Overall, it can be concluded from this study that lipid oxidation, as measured using the TBARS assay, was generally unaffected when geese were supplemented with selenium. Many other studies have evaluated lipid oxidation of meat samples from broiler chickens supplemented with selenium and the results were unsurprisingly inconsistent. Ryu et al. [65] reported lower MDA levels in breast and thigh samples following 10 days and 12 days of refrigerated storage when broiler chickens were supplemented with varying concentrations of inorganic selenium (sodium selenite). Taulescu et al. [60] reported lower MDA levels following storage in meat samples sourced from broiler chickens fed flax seed and supplemented with vitamin E and selenium when compared with meat samples sourced from broiler chickens fed flax seed without supplementation of vitamin E and selenium. Kralik et al. [52] and Kralick et al. [53] reported lower MDA levels following storage in breast muscle and thigh muscle when broiler chickens were supplemented with 0.5 mg/kg of organic selenium (selenium-enriched yeast).
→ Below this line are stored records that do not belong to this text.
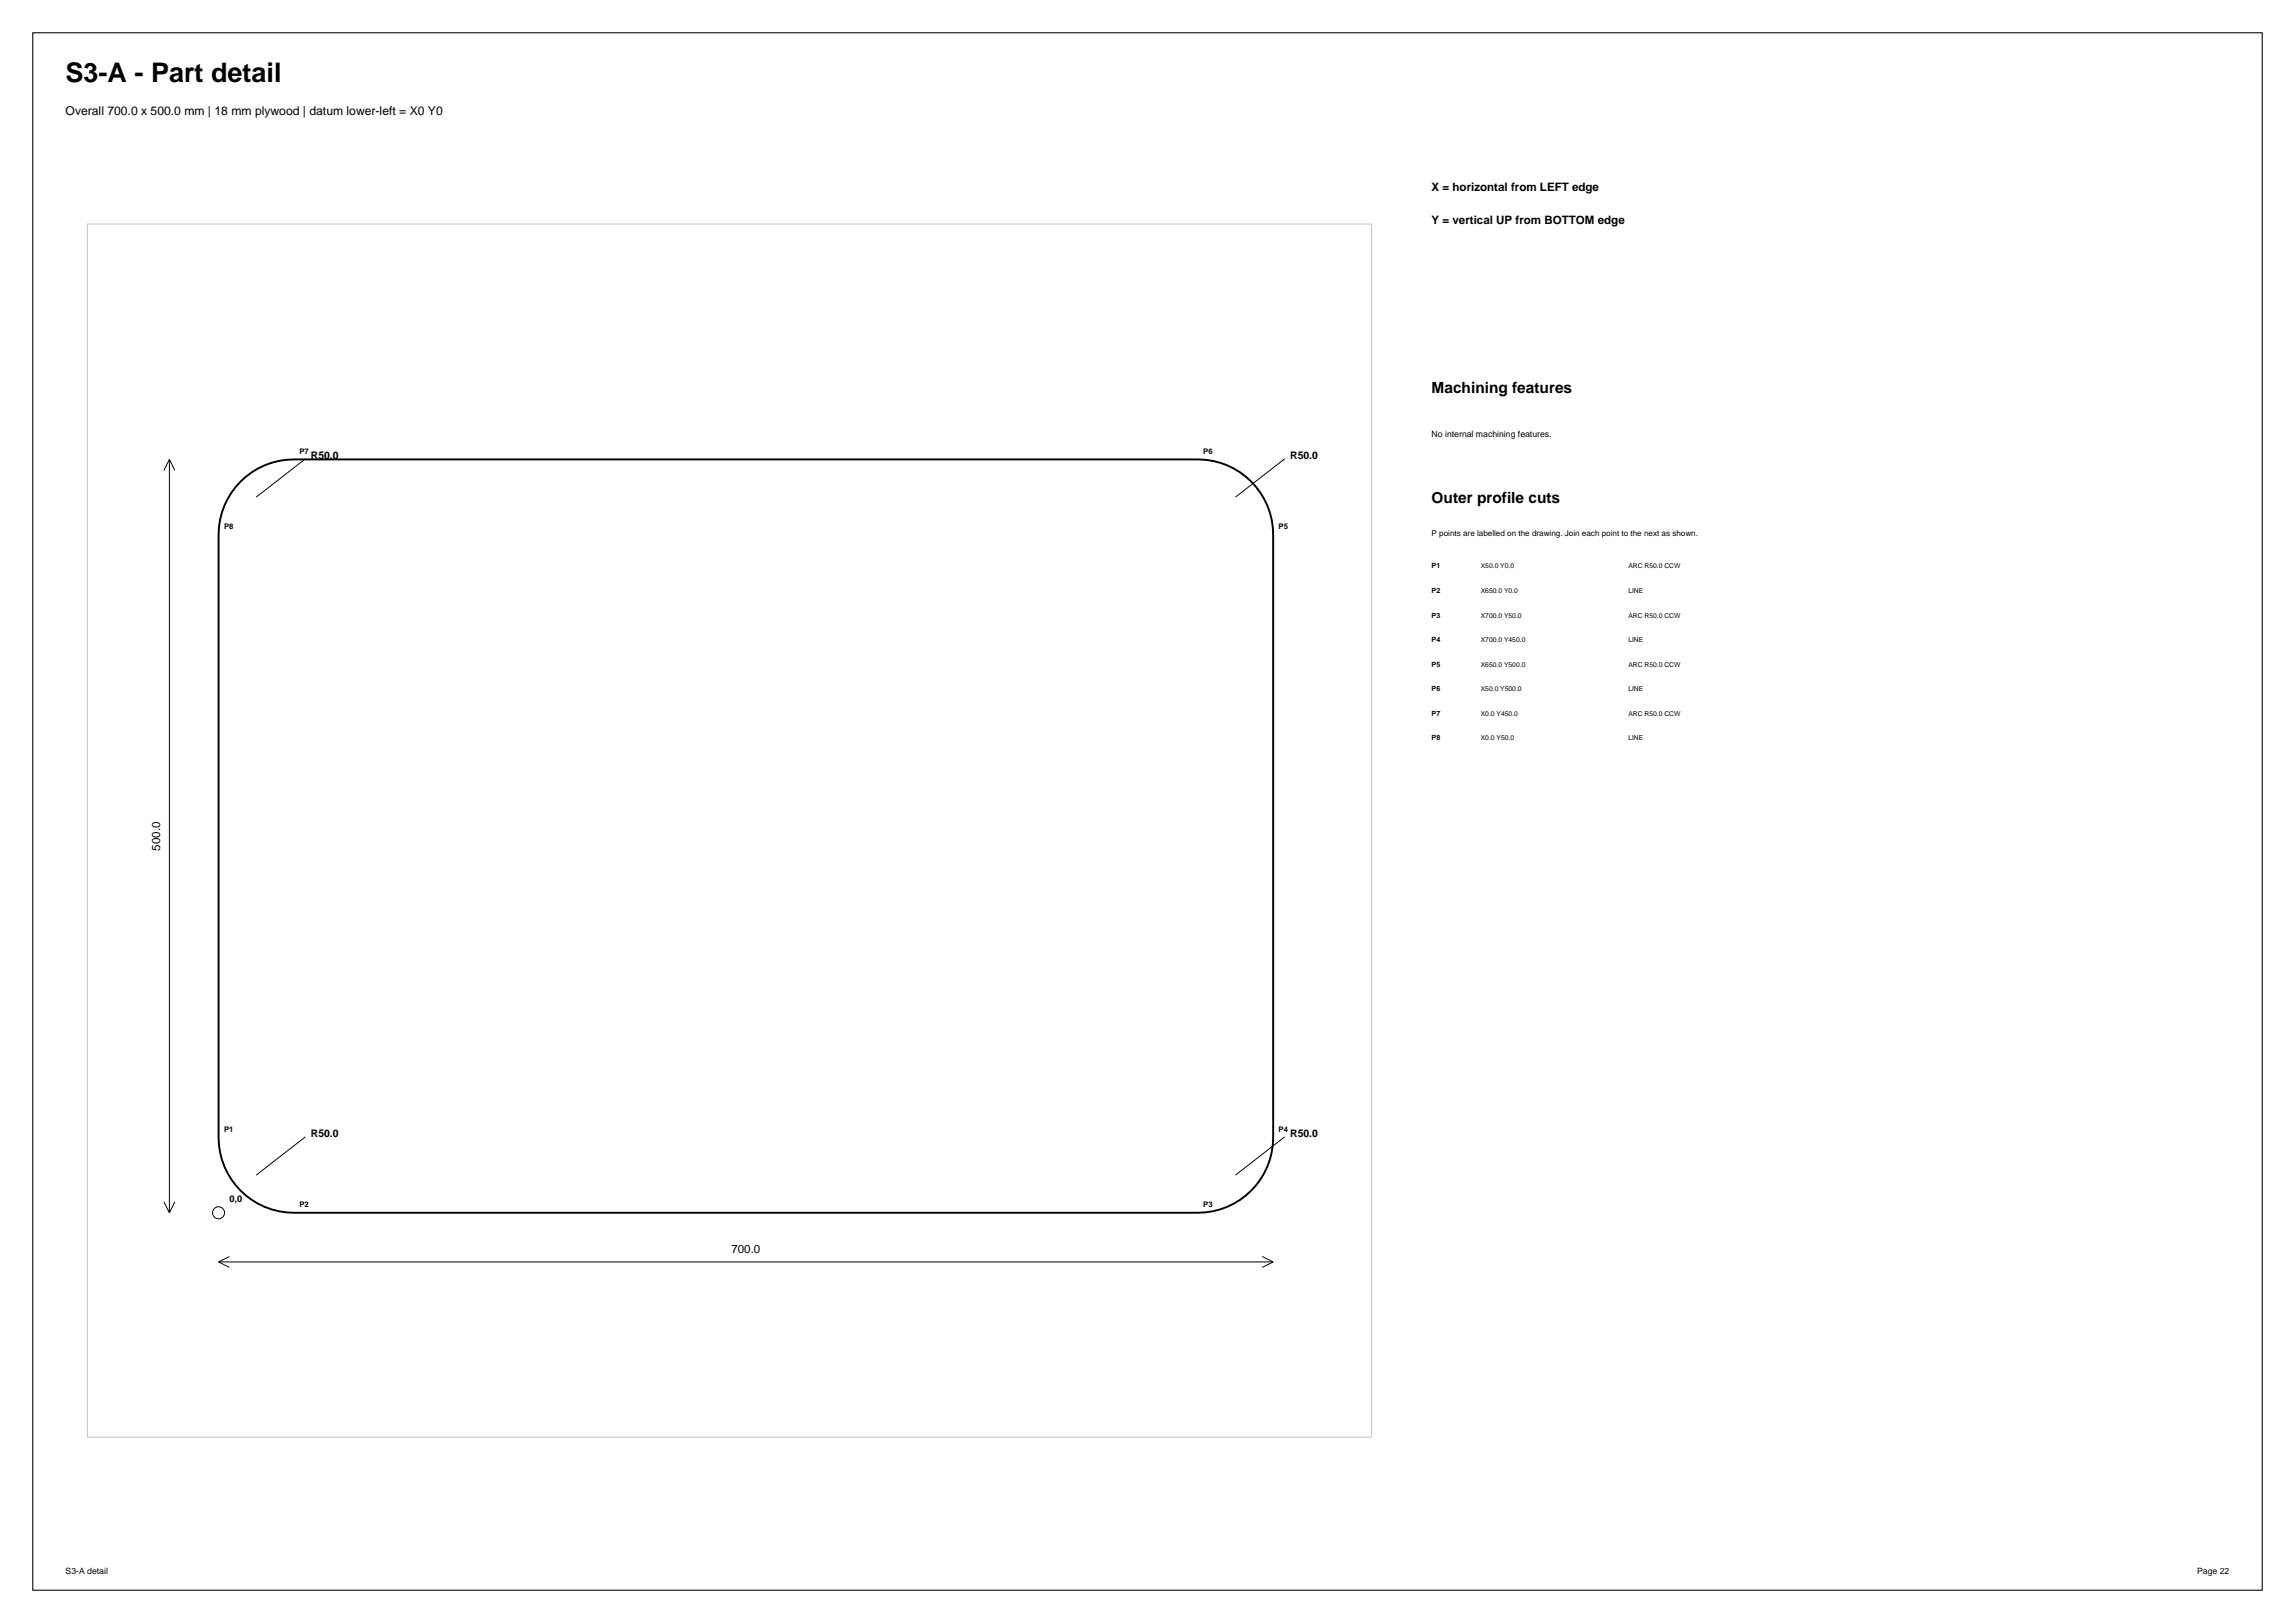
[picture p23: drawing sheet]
<svg xmlns="http://www.w3.org/2000/svg" width="420mm" height="297mm" viewBox="0 0 420 297" stroke-linecap="round" stroke-linejoin="round" font-family="sans-serif">
<defs><g id="words">
<text font-size="4.9" x="12" y="15">S3-A - Part detail</text>
<g font-size="2.8">
<text x="262" y="72">Machining features</text>
<text x="262" y="92">Outer profile cuts</text>
</g>
<text font-size="2.2" x="12" y="21">Overall 700.0 x 500.0 mm | 18 mm plywood | datum lower-left = X0 Y0</text>
<g font-size="2.1">
<text x="262" y="35">X = horizontal from LEFT edge</text>
<text x="262" y="41">Y = vertical UP from BOTTOM edge</text>
<text x="29.3" y="155.6" transform="rotate(-90 29.3 155.6)">500.0</text>
<text x="133.9" y="229.3">700.0</text>
</g>
<g font-size="1.9">
<text x="56.9" y="84">R50.0</text>
<text x="236.1" y="84">R50.0</text>
<text x="56.9" y="208">R50.0</text>
<text x="236.1" y="208">R50.0</text>
</g>
<text font-size="1.7" x="42" y="219.9">0,0</text>
<g font-size="1.6">
<text x="262" y="80">No internal machining features.</text>
<text x="12" y="288">S3-A detail</text>
<text x="402.1" y="288">Page 22</text>
</g>
<text font-size="1.5" x="262" y="98">P points are labelled on the drawing. Join each point to the next as shown.</text>
<g font-size="1.4">
<text x="54.8" y="83.1">P7</text>
<text x="220.2" y="83.1">P6</text>
<text x="41" y="96.9">P8</text>
<text x="234" y="96.9">P5</text>
<text x="41" y="207.1">P1</text>
<text x="234" y="207.1">P4</text>
<text x="54.8" y="220.9">P2</text>
<text x="220.2" y="220.9">P3</text>
</g>
<g font-size="1.3">
<text x="262" y="104">P1</text>
<text x="262" y="108.5">P2</text>
<text x="262" y="113">P3</text>
<text x="262" y="117.5">P4</text>
<text x="262" y="122">P5</text>
<text x="262" y="126.5">P6</text>
<text x="262" y="131">P7</text>
<text x="262" y="135.5">P8</text>
</g>
<g font-size="1.2">
<text x="271" y="104">X50.0 Y0.0</text>
<text x="298" y="104">ARC R50.0 CCW</text>
<text x="271" y="108.5">X650.0 Y0.0</text>
<text x="271" y="113">X700.0 Y50.0</text>
<text x="298" y="108.5">LINE</text>
<text x="298" y="113">ARC R50.0 CCW</text>
<text x="271" y="117.5">X700.0 Y450.0</text>
<text x="298" y="117.5">LINE</text>
<text x="271" y="122">X650.0 Y500.0</text>
<text x="298" y="122">ARC R50.0 CCW</text>
<text x="271" y="126.5">X50.0 Y500.0</text>
<text x="271" y="131">X0.0 Y450.0</text>
<text x="298" y="126.5">LINE</text>
<text x="298" y="131">ARC R50.0 CCW</text>
<text x="271" y="135.5">X0.0 Y50.0</text>
<text x="298" y="135.5">LINE</text>
</g>
</g></defs>
<path d="M6 6h408v285h-408z" fill="none" stroke="#000" stroke-width=".19"/>
<path d="M16 41h235v222h-235z" fill="none" stroke="#c7c7c7" stroke-width=".18"/>
<path d="M44 88.1a13.7 13.7 0 0 1 9.8-4h165.4a13.8 13.8 0 0 1 13.8 13.8v110.2a13.8 13.8 0 0 1-13.8 13.8h-165.4a13.8 13.8 0 0 1-13.8-13.8v-110.2a13.7 13.7 0 0 1 4-9.8z" fill="none" stroke="#000" stroke-width=".35"/>
<g fill="none" stroke="#000" stroke-width=".18">
<path d="M31 84.1v137.8M31 84.1l-1 2M31 84.1l1 2M55.9 84l-9 7M235.1 84l-9 7M30 219.9l1 2M32 219.9l-1 2M55.9 208l-9 7M235.1 208l-9 7M40 230.9h193M40 230.9l2 1M42 229.9l-2 1"/>
<path d="M231 229.9l2 1M233 230.9l-2 1"/>
<circle cx="40" cy="221.9" r="1.1"/>
</g>
<use href="#words"/>
</svg>

Leskovec et al. [55] reported no difference in breast muscle MDA levels following fresh storage between broiler chickens fed selenium (source not provided) and broiler chickens not supplemented with additional selenium. Important considerations from each of these studies is the presence of other pro- and anti-oxidants in the diet (i.e., vitamin E) as selenium has been shown to have interactive roles with both dietary pro- and anti-oxidants [3]; as well as, dosage level of the supplemental selenium.
3.7. Total Volatile Basic Nitrogen
TVB-N is of interest during storage of meat products as it is considered an indication of freshness. Decomposition of protein results in accumulation of several volatile compounds including ammonia, dimethylamine, and trimethylamine. During storage, bacteria and proteolytic enzymes in poultry meat products can affect TVB-N values [19,39,66]. Cathepsin D is an endo-protease enzyme, which is distributed in the cell lysosome. The main function of cathepsin D is to degrade proteins and activate precursors of bioactive proteins in pre-lysosomal compartments [67]. Therefore, TVB-N content in poultry meat is an important chemical indicator to determine preservation of quality during storage [68].
The change in TVB-N value in meat samples and liver samples during the storage period is presented in Figure 4. Supplementation with either selenium diet (I-Se or O-Se) reduced (p < 0.05) the TVB-N content of both the goose meat samples and liver samples during the storage period. TVB-N increased during the storage period for both meat samples and liver samples. For meat samples, the most profound differences were observed on day-1, day-3, and day-6 of storage where geese supplemented I-Se and O-Se had lower TVB-N levels compared with geese fed CON. For liver samples, the magnitude of this difference was small and of questionable biological significance in most cases. At the conclusion of the storage period (on day-9)–TVB-N values of meat samples were 34.08 mg/100 g, 32.52 mg/100 kg, and 28.79 mg/100 g; and TVB-N values of liver samples were 43.45 mg/100 g, 38.34 mg/100 g, and 35.75 mg/100 g for the CON, I-Se, and O-Se treatments, respectively. From these observations, it can be concluded that the TVB-N values in both meat and liver samples were significantly lower for geese supplemented I-Se and O-Se compared with geese fed CON, yet the biological significance of such a minor magnitude of difference should be noted.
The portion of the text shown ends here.